> [About this exercise] Those lines of the records that contain "Units" are to be located and copied.
(Data excerpts)
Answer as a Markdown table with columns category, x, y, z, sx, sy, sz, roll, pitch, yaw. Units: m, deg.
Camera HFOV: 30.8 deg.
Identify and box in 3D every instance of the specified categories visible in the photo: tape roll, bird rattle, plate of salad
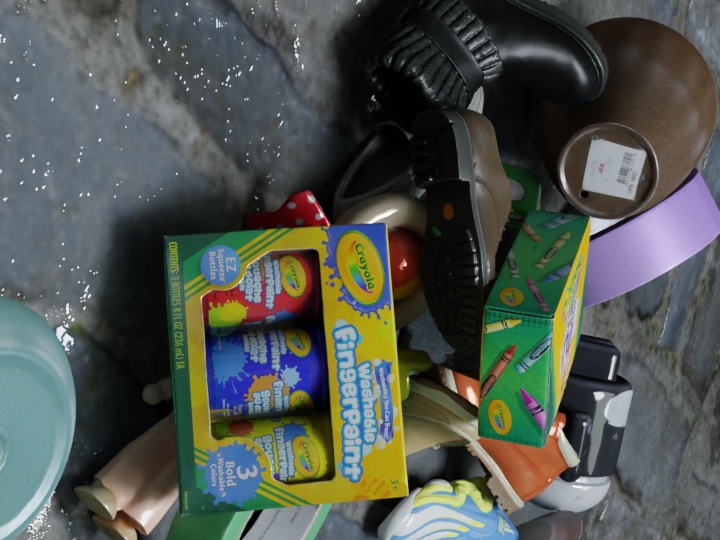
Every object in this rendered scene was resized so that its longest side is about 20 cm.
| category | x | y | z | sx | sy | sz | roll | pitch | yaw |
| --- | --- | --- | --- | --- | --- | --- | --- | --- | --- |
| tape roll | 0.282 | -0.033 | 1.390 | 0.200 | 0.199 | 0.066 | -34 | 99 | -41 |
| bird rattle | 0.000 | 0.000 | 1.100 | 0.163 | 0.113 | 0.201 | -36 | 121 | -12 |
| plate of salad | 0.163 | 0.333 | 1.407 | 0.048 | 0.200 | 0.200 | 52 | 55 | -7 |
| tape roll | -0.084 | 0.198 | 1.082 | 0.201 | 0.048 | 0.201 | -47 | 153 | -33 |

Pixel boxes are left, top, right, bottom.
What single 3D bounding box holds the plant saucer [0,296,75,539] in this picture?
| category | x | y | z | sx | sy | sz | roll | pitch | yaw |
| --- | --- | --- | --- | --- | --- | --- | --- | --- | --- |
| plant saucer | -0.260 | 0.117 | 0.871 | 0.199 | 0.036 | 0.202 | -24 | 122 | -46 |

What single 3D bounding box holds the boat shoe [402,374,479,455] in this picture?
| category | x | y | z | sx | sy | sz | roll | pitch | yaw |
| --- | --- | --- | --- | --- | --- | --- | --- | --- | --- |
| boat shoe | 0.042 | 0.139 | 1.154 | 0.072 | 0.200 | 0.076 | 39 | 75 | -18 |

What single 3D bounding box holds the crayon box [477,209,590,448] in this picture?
(End Data excerpts)
(Data excerpts)
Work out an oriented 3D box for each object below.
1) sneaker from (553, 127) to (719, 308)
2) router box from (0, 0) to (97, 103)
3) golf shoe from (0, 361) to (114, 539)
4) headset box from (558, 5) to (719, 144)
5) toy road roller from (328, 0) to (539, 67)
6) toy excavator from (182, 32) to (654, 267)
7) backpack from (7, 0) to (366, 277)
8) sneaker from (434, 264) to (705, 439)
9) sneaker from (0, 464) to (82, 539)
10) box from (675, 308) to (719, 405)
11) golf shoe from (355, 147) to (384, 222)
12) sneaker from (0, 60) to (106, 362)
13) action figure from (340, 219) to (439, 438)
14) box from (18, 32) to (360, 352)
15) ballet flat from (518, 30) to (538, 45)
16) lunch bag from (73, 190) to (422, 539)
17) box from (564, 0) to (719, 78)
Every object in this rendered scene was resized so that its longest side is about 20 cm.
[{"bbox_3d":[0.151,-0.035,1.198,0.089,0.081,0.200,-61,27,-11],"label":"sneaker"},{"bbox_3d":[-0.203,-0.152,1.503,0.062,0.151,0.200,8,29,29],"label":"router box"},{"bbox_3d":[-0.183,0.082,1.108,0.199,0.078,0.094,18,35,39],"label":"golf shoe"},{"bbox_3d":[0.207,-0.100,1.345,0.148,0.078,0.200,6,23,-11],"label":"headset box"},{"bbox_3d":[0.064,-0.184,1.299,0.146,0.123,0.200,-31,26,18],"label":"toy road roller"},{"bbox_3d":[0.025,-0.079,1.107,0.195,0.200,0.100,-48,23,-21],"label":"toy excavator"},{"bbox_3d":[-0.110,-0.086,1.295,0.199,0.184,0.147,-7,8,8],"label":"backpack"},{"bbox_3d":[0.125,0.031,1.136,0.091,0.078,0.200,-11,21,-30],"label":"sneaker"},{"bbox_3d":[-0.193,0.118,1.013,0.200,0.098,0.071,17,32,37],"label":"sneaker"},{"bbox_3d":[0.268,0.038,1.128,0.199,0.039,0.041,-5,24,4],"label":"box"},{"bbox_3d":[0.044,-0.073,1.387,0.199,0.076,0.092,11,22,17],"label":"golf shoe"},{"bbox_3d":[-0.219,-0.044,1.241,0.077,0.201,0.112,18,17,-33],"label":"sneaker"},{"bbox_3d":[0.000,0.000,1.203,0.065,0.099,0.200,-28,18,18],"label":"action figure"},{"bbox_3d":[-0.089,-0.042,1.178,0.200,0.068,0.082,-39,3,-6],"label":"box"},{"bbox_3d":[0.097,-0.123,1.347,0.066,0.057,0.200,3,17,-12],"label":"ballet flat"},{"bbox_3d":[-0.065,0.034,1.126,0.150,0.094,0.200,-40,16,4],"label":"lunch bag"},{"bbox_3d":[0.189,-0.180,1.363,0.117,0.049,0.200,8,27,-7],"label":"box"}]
(End Data excerpts)
(Data excerpts)
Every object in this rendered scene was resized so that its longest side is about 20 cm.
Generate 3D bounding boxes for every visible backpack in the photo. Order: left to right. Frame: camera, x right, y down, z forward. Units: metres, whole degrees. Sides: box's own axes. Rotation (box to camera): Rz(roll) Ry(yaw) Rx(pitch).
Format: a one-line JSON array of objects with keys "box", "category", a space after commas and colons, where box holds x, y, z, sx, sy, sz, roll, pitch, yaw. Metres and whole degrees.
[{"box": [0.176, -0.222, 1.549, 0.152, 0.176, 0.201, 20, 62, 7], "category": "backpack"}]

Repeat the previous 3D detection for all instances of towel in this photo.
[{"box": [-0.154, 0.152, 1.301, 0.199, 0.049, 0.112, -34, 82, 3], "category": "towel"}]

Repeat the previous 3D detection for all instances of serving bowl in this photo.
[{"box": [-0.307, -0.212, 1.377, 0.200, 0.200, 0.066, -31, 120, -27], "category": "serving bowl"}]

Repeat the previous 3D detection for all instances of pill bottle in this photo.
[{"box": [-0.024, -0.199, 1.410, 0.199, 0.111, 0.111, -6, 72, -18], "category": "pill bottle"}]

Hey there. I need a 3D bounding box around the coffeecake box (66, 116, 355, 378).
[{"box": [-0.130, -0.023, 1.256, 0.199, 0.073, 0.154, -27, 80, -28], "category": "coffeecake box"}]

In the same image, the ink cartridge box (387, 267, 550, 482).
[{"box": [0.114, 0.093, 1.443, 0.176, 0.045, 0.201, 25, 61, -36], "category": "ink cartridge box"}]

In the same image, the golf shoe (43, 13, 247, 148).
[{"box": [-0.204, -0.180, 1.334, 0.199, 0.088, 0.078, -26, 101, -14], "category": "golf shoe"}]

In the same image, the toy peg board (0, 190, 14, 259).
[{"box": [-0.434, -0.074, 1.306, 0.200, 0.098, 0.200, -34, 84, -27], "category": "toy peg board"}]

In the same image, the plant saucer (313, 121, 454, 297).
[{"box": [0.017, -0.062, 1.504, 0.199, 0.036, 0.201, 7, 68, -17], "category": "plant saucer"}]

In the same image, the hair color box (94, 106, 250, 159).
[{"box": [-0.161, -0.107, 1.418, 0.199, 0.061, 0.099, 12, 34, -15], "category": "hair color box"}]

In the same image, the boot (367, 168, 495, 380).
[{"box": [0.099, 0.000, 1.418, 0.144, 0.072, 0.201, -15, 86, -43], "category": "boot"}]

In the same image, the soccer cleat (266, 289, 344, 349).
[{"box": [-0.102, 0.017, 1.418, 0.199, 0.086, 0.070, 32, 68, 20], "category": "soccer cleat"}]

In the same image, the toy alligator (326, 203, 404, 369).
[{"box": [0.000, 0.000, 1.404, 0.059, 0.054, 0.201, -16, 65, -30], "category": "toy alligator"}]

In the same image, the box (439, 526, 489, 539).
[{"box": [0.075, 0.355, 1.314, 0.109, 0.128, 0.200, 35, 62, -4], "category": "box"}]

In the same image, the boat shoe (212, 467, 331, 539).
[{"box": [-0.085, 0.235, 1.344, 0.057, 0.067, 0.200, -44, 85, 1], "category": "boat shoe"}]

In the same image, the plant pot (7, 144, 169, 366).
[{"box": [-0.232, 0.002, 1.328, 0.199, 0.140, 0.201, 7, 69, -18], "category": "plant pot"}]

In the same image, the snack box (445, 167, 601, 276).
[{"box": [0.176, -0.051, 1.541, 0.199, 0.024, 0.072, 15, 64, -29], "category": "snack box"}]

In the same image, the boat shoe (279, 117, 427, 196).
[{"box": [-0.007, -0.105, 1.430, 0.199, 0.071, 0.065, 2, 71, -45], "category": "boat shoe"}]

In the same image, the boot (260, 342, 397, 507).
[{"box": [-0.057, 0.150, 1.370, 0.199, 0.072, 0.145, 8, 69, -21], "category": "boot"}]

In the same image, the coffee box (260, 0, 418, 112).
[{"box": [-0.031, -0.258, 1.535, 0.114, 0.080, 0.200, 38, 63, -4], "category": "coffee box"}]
(End Data excerpts)
> [Result]
Answer as a Markdown table with columns category, x, y, z, sx, sy, sz, roll, pitch, yaw. Units: m, deg.
Generate 3D bounding boxes for every visible backpack in the photo. Order: left to right. Frame: camera, x right, y down, z forward. Units: metres, whole degrees. Sides: box's own axes. Rotation (box to camera): Rz(roll) Ry(yaw) Rx(pitch).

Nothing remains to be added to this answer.